マウスピース型の場合、全体矯正か部分矯正かに関わらず、歯列全体を覆うような形状のマウスピースを使用するので、部分矯正の場合でも全体矯正に比べて見た目で大きな変化はありません。
全体矯正の費用
歯列全体に装置を取り付ける全体矯正の場合、唇側からのワイヤー型矯正で約85~100万円、舌側からのワイヤー型で約130~165万円、唇側と舌側をミックスしたもので約110~132万円となるでしょう。
唇側からのワイヤー矯正は最も古くからある治療法なので、医療技術としての実績が豊富なことから、治療結果が予想しやすくミスが起こりにくいです。
どうしても装置が目立つのを嫌う人は、舌側やミックスを選ぶと良いでしょう。
マウスピースを用いた全体矯正では約72~96万円の費用がかかります。
治療法別 料金表一覧(目安)
治療法 | 金額 |
---|---|
部分矯正(ワイヤー矯正) | ¥220,000~¥858,000 |
部分矯正(マウスピース型矯正装置) | ¥462,000~¥726,000 |
唇側からの矯正装置 | ¥858,000~¥990,000 |
マウスピース型矯正装置 | ¥726,000~¥957,000 |
舌側矯正 | ¥1,320,000~¥1,650,000 |
混合矯正(上顎前歯部のみ舌側等) | ¥1,100,000~¥1,320,000 |
これらの費用はクリニックによって多少異なってきますので、あくまでも参考程度に留めておいて、カウンセリングの場で確認することをお勧めします。

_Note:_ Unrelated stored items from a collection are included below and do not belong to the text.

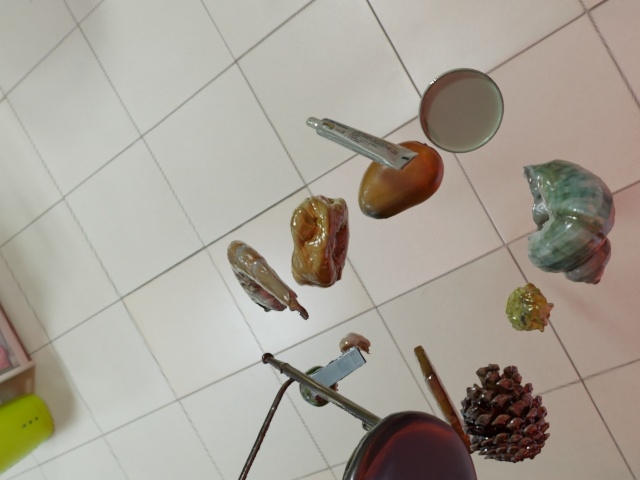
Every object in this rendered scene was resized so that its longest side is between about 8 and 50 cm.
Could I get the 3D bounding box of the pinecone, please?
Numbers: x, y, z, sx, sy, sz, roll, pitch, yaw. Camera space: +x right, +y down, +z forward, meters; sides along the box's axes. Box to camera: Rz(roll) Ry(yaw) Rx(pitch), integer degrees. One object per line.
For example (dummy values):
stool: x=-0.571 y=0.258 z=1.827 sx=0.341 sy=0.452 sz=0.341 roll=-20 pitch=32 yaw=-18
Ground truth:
pinecone: x=0.393 y=0.374 z=1.111 sx=0.179 sy=0.184 sz=0.205 roll=-26 pitch=67 yaw=21

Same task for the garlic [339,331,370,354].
garlic: x=0.118 y=0.359 z=1.781 sx=0.094 sy=0.113 sz=0.074 roll=-28 pitch=52 yaw=56

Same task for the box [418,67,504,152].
box: x=0.389 y=-0.365 z=1.431 sx=0.226 sy=0.149 sz=0.226 roll=4 pitch=110 yaw=12

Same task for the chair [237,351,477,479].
chair: x=0.046 y=0.461 z=0.983 sx=0.364 sy=0.362 sz=0.410 roll=40 pitch=150 yaw=-23

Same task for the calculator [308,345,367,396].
calculator: x=0.038 y=0.341 z=1.337 sx=0.172 sy=0.018 sz=0.057 roll=-36 pitch=76 yaw=9

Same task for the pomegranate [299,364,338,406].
pomegranate: x=0.005 y=0.443 z=1.562 sx=0.122 sy=0.161 sz=0.122 roll=-8 pitch=76 yaw=34

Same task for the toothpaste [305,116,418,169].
toothpaste: x=0.069 y=-0.193 z=0.986 sx=0.255 sy=0.067 sz=0.037 roll=29 pitch=142 yaw=32

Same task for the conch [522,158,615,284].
conch: x=0.490 y=-0.030 z=1.021 sx=0.195 sy=0.220 sz=0.277 roll=-32 pitch=92 yaw=-1

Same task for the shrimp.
shrimp: x=-0.110 y=0.071 z=0.994 sx=0.185 sy=0.287 sz=0.068 roll=47 pitch=72 yaw=-8

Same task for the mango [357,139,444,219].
mango: x=0.180 y=-0.143 z=1.195 sx=0.221 sy=0.120 sz=0.152 roll=-26 pitch=77 yaw=21

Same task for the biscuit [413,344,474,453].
biscuit: x=0.373 y=0.480 z=1.557 sx=0.046 sy=0.359 sz=0.359 roll=-30 pitch=91 yaw=5

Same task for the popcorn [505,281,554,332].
popcorn: x=0.712 y=0.239 z=1.751 sx=0.142 sy=0.174 sz=0.173 roll=27 pitch=114 yaw=-28

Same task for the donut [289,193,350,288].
donut: x=0.000 y=0.000 z=1.836 sx=0.169 sy=0.360 sz=0.361 roll=8 pitch=104 yaw=16
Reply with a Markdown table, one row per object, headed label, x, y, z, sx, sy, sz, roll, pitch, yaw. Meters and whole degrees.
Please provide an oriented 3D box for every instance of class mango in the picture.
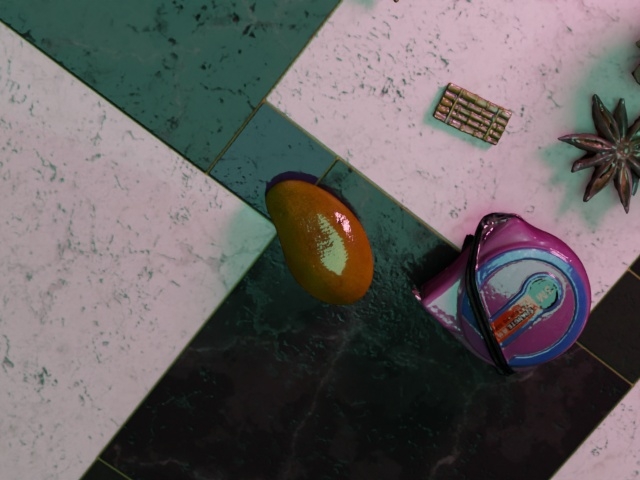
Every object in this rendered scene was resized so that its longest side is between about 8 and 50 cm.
| label | x | y | z | sx | sy | sz | roll | pitch | yaw |
| --- | --- | --- | --- | --- | --- | --- | --- | --- | --- |
| mango | 0.000 | 0.000 | 1.794 | 0.136 | 0.099 | 0.227 | -32 | 97 | 12 |

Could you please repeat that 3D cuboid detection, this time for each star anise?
| label | x | y | z | sx | sy | sz | roll | pitch | yaw |
| --- | --- | --- | --- | --- | --- | --- | --- | --- | --- |
| star anise | 0.473 | -0.149 | 1.801 | 0.195 | 0.065 | 0.182 | -41 | 99 | 11 |

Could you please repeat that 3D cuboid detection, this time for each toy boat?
| label | x | y | z | sx | sy | sz | roll | pitch | yaw |
| --- | --- | --- | --- | --- | --- | --- | --- | --- | --- |
| toy boat | 0.239 | -0.199 | 1.793 | 0.115 | 0.016 | 0.063 | 23 | 102 | -9 |

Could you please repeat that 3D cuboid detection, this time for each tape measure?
| label | x | y | z | sx | sy | sz | roll | pitch | yaw |
| --- | --- | --- | --- | --- | --- | --- | --- | --- | --- |
| tape measure | 0.304 | 0.081 | 1.814 | 0.231 | 0.149 | 0.245 | -43 | 97 | 11 |

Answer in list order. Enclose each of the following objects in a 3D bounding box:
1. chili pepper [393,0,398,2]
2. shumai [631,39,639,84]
| label | x | y | z | sx | sy | sz | roll | pitch | yaw |
| --- | --- | --- | --- | --- | --- | --- | --- | --- | --- |
| chili pepper | 0.038 | -0.430 | 1.706 | 0.208 | 0.043 | 0.049 | 28 | 139 | -6 |
| shumai | 0.598 | -0.291 | 1.710 | 0.189 | 0.218 | 0.256 | -29 | 109 | -31 |

関連記事→ 歯列矯正の費用ってどのくらい掛かるの?種類によって異なる費用の相場観を紹介
矯正の料金システム【トータルフィー・都度払い】
歯列矯正の治療費を支払うにあたっては、一括払いの「トータルフィー」という方法と、費用を分割できる「都度払い」という方法に大きく分けることができます。
「トータルフィー」は治療に必要となる装置代、その調整費などを一括で支払う方法です。その為、通院時に費用が発生せず、一度の支払いで治療を完結できるでしょう。
それに対して何かしらの処置を受ける度に、その処置にかかる費用を支払っていくのが「都度払い」です。高額な費用を一度に用意できなくても治療を受けられます。
治療期間が想定より短く済んだ場合でも「トータルフィー」で支払ったお金は返ってきません。逆に治療が長引いた場合「都度払い」では支払い総額が膨れ上がることに注意しましょう。
歯列矯正の支払い方法【5つ】
高額なお金を必要とすることから、多くのクリニックでは多様な支払い方法を設定し、個々人の条件に合わせて無理のないやり繰りができるように配慮しています。
それこそ、必要となれば歯列矯正の為にローンを組むことも可能です。どのような支払い方法があるのか、それぞれのケースに分けて紹介しましょう。
さて、全額一括で支払う「トータルフィー」と、処置ごとに治療費を支払う「都度払い」があることは既に述べました。
それに加えて「カード分割」「デンタルローン」「院内分割」といった便利な支払い方法も存在しています。それらを細かく見ていきましょう。
全額一括払い
装置にかかる料金と通院時にかかる治療費、矯正が終了した後の保定期間に用いる装置代など、すべてを事前に一括で支払う方法です。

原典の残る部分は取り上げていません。